The later stages of this rebuilding were carried out under the supervision of John Wastell, the Master mason who was engaged in the building of King’s College Chapel in Cambridge. The exterior turrets which stand above the east end of the nave are typical of his work. The size and magnificence of the nave are the church’s more remarkable features.

The church you see today is predominantly the result of work undertaken in the years 1430 to 1525. A great influence in the latter part of this period was the Guild of the Holy Trinity which was partly religious but also had local government-type powers.

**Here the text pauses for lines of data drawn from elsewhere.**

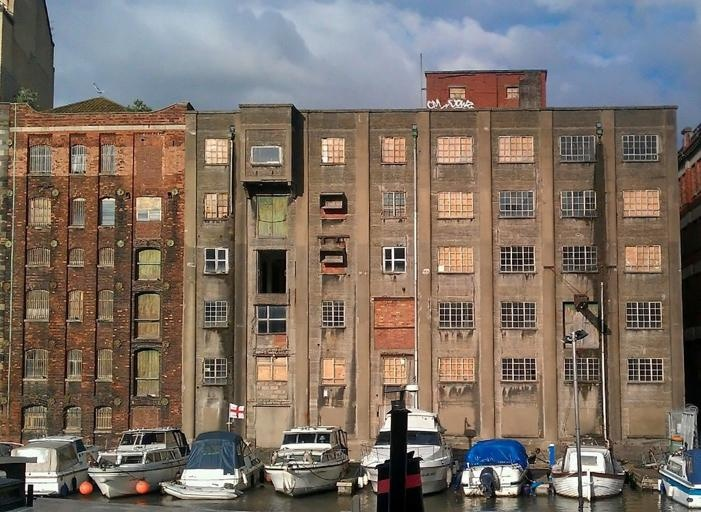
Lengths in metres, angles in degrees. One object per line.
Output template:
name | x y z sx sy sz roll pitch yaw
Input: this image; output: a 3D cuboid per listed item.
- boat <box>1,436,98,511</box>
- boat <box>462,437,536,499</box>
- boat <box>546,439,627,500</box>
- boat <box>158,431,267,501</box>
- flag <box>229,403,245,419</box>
boat | -20.301 13.952 92.032 4.793 4.321 6.104 -3 -9 -2
boat | 9.271 13.626 91.445 4.208 3.647 1.973 -4 -9 1
boat | 15.227 13.951 92.526 4.282 3.356 5.107 -7 -7 22
boat | -8.577 13.476 92.017 6.978 4.430 2.793 4 -12 -38
flag | -7.985 10.788 100.526 1.100 1.123 2.341 -3 -10 -6
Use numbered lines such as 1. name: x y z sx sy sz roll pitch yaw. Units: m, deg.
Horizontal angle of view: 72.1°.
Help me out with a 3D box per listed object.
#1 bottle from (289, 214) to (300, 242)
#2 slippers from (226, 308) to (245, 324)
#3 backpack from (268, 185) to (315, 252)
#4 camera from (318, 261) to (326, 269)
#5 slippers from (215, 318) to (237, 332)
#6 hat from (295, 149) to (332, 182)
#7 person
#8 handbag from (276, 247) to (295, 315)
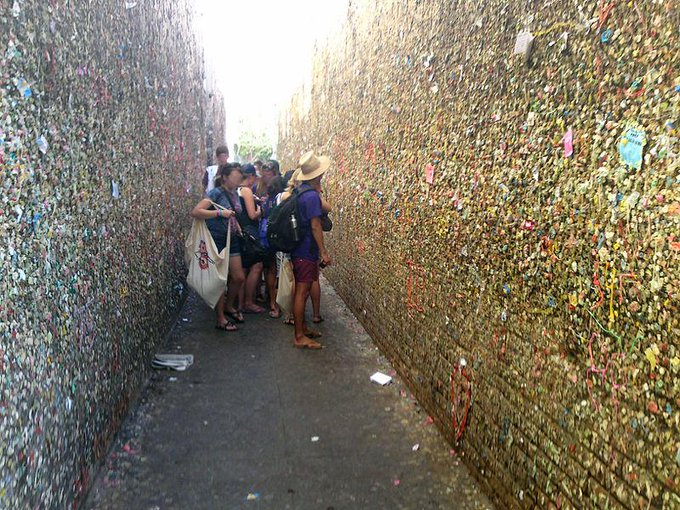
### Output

A less obvious, but most important influence on the way the church looks today was the major restoration undertaken by the restorer of Audley End House, Sir John Griffin Griffin, 4th Lord Howard de Walden and 1st Lord Braybrooke, between years 1790 and 1793. The church at the time was in a sad state of disrepair but this restoration unfortunately removed many medieval brasses and monuments.

The nave is 54 feet high with tall slender pillars, arches and a clerestory. The carving of the spandrels, the triangular pieces between the arches, some of which contain Tudor roses, are of special note particularly those above the crucifix. These are similar to work in King’s College Chapel and the cross section of the pillars is identical to that in Great St. Mary’s Cambridge, another of John Wastell’s churches. No less than eleven bosses are variations on the Tudor rose reflecting the power of  Henry VIII. Also to be seen are the pomegranate of his Queen, Catherine of Aragon, and the Knot of Henry Bourchier, Earl of Essex.

The lower part of the chancel was built about 1250 but the upper part dates from the early 1500’s after the rebuilding of the nave and aisles had been completed. The roof does not fit very well and by tradition Lord Audley had it brought from another religious house. It is very beautiful and as far as is known nothing quite like it exists in other English churches.

The Sanctuary is raised because it was built on top of a great vault. The Howard vault was sealed in 1860 and holds the bodies of Lord Audley, ten Earls of Suffolk - whose family built Audley End - and Lord Howard de Walden and his two wives.

At the eastern end of the north aisle there are three bays of elaborately carved canopies which are over 600 years old, surviving from the Decorated period of the church. These are worn and damaged, but in the bay nearest the north chapel it is easy to pick out King David with his harp. The brasses attached to the wall were originally on tombs which have disappeared.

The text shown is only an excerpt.